Comme vos rapporteurs l'ont souligné, les inégalités territoriales de répartition des médecins se jouent à un échelon bien plus fin que celui de la région. Si les leviers de régulation des flux d'étudiants peuvent marginalement contribuer à ancrer des praticiens dans des territoires fragiles, il n'y a pas de lien direct, a priori , entre le nombre de professionnels formés par région et la réduction des inégalités territoriales puisque rien ne les contraint à s'installer en zone sous-dotée. D'ailleurs, l'exemple d'autres professions de santé à la démographie dynamique (comme les infirmiers) a montré que la forte hausse des effectifs ne s'était pas traduite par une réduction des inégalités territoriales ( cf. première partie).
•
En outre, la
régulation des flux étudiants ne résout pas la moindre
attractivité de spécialités « en
tension », notamment la
médecine
générale.
Si le taux d'inadéquation (la différence entre les postes ouverts et les postes pourvus) a été réduit dans toutes les spécialités et notamment en médecine générale (16 % en 2011, 6 % en 2016), cette spécialité demeure l'une des moins attractives d'après l'indicateur développé par la Drees par agrégation des classements des étudiants choisissant la spécialité 36 ( * ) .
• Enfin et surtout, la régulation des flux
d'étudiants
ne produit ses effets que sur le long
terme
, compte tenu de la durée des études
médicales.
Or, comme vos rapporteurs l'ont souligné, le « creux » de la démographie médicale est d'abord une réalité de court terme, sur un horizon de cinq à dix ans.
2. Une stratégie de long terme à inscrire dans une réflexion globale sur les besoins de santé
La gestion du numerus clausus , par les effets de stop and go dont il a fait l'objet, n'a pas permis une régulation optimale, adaptée à la démographie projetée des professionnels de santé ou à l'évolution prévisible des besoins de santé.
En outre, pour certaines professions, le nombre important d'installation de professionnels formés à l'étranger est une donnée « extérieure » à prendre en compte : comme cela a été relevé par la présidente de l'ordre des masseurs-kinésithérapeutes, une meilleure régulation de ces flux serait utile pour préserver la qualité des soins, alors que les formations délivrées dans certains pays ne sont pas au niveau des standards français.
Ce sujet appelle une réflexion globale et une étude prospective croisée de la démographie des différentes professions de santé .

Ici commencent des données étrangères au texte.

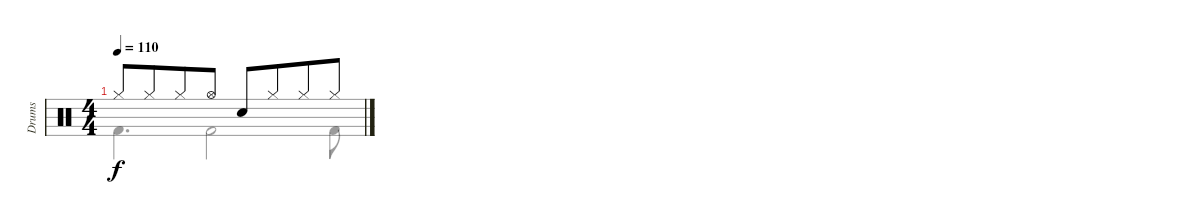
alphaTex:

\track ("Drums" "Drums") {instrument percussion}
\staff {score}
\articulation defaults
\voice
\ts (4 4)
\tempo 110
\clef neutral
\ks c "Hi-Hat (closed)".8{dy f} "Hi-Hat (closed)".8{beam merge} "Hi-Hat (closed)".8 "Hi-Hat (open)".8 "Snare (hit) 2".8 "Hi-Hat (closed)".8{beam merge} "Hi-Hat (closed)".8 "Hi-Hat (closed)".8
|
|
|
|
|
|
|
|
\voice
\clef neutral
\ks c "Kick (hit) 2".4{d dy f} "Kick (hit) 2".2 "Kick (hit) 2".8
|
|
|
|
|
|
|
|

Comme l'a noté l'observatoire national de la démographie des professions de santé dans une étude sur les sages-femmes 37 ( * ) , « sur l'ensemble de la période de trente-huit ans qui va de 1993 à 2030 et dans l'hypothèse d'un maintien du numerus clausus [1000/an], l'effectif de sages-femmes serait multiplié par 2,10 et celui des naissances par 1,10 » , ce qui l'amène à constater « qu'un réel problème de sureffectif risque de se poser dans les quinze ans à venir » .

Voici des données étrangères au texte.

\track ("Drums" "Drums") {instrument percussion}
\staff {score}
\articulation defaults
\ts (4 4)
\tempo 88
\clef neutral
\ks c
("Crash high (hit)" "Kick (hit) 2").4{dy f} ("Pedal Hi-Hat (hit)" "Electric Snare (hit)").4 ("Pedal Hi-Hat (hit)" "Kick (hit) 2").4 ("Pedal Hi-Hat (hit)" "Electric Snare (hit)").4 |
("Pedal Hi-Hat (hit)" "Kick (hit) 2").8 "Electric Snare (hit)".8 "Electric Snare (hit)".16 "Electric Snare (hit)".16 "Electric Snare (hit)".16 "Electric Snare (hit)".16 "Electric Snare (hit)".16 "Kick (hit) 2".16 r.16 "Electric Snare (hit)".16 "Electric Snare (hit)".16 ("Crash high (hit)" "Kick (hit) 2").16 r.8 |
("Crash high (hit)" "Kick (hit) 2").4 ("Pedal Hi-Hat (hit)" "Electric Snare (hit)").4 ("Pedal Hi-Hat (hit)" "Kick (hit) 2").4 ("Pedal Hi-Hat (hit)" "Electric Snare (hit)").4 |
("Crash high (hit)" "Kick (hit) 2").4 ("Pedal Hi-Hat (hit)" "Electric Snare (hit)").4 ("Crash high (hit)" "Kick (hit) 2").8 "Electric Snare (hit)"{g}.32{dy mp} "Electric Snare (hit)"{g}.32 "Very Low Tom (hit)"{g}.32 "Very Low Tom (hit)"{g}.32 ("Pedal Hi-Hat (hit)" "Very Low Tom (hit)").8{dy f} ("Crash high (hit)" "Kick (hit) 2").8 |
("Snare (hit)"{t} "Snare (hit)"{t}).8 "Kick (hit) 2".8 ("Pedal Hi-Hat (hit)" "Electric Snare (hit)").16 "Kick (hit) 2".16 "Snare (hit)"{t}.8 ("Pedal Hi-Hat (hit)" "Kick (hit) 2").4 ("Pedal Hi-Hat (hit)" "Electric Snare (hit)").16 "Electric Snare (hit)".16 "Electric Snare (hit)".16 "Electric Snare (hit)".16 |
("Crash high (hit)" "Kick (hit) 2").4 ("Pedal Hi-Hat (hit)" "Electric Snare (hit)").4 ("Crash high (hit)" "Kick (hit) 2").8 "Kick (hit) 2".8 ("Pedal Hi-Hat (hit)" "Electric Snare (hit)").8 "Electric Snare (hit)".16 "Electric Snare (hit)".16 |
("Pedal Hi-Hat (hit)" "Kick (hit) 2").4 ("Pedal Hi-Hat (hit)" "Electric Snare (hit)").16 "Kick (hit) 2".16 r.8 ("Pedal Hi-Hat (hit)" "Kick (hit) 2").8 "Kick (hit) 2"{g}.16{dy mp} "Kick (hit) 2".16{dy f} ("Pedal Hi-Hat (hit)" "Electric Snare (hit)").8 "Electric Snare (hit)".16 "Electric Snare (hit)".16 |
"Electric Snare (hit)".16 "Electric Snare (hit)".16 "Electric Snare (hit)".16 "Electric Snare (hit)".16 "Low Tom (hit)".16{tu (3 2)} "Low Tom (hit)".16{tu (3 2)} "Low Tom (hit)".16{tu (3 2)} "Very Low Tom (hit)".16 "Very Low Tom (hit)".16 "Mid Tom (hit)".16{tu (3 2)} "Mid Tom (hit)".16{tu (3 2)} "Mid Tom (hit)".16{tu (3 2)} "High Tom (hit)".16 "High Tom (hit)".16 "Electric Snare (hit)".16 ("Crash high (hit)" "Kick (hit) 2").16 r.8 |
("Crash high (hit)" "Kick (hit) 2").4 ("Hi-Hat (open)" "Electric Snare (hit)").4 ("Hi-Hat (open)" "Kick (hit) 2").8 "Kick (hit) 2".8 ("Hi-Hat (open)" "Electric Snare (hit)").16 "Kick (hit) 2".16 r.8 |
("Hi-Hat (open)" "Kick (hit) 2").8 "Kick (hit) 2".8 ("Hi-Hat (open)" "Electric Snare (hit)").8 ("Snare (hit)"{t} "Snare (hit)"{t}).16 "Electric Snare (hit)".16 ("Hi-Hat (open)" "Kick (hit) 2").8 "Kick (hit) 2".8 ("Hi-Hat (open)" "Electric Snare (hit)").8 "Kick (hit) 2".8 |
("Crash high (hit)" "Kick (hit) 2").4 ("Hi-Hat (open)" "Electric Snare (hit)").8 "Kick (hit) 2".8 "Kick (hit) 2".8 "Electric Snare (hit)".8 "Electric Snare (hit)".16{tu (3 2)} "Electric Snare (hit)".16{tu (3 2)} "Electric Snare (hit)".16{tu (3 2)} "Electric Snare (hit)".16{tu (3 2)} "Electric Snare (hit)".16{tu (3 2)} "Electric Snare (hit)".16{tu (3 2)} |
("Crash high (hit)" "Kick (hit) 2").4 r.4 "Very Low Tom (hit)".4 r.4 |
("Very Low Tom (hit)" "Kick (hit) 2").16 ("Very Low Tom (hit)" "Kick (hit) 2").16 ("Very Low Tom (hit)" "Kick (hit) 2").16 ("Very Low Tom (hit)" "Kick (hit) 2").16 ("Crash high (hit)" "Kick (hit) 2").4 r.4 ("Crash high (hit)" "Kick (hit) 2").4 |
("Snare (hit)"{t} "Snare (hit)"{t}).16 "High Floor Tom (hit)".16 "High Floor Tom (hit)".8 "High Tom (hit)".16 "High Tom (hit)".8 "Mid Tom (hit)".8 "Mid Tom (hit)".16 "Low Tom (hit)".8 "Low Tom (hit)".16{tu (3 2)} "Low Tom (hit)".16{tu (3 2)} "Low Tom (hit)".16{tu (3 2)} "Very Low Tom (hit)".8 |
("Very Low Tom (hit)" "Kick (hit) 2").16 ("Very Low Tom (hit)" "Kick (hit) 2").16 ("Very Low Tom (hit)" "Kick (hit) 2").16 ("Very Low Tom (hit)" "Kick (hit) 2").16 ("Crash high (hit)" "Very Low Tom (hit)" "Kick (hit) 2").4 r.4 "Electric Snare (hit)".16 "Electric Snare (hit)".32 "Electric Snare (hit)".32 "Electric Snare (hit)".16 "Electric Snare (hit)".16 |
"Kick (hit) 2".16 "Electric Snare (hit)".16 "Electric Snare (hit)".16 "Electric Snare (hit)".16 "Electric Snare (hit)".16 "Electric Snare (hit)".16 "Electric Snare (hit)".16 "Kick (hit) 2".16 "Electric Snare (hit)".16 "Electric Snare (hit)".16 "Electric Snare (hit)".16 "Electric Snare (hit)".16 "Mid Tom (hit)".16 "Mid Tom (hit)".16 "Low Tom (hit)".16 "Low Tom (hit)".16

Ces constats, rapportés aux évolutions de la démographie médicale, invitent à réfléchir à de nouvelles formes de coopération entre professionnels de santé. Vos rapporteurs avancent plus loin des préconisations en ce sens.
Ils appellent plus généralement, comme le relève d'ailleurs l'Ondps dans l'étude précitée, à réfléchir précisément et de manière prospective à ce que doivent être l'offre et la densité de professionnels de santé pour couvrir des besoins de soins eux-mêmes en évolution.
* 35 « En 2016, 7 700 étudiants affectés à l'issue des premières épreuves classantes nationales informatisées », Etudes et Résultats, n° 1006, Drees, mars 2017.
* 36 Drees, op. cit. n° 1006, mars 2017.
* 37 « Les sages-femmes, une profession en mutation », Ondps (ouvrage collectif), mai 2016.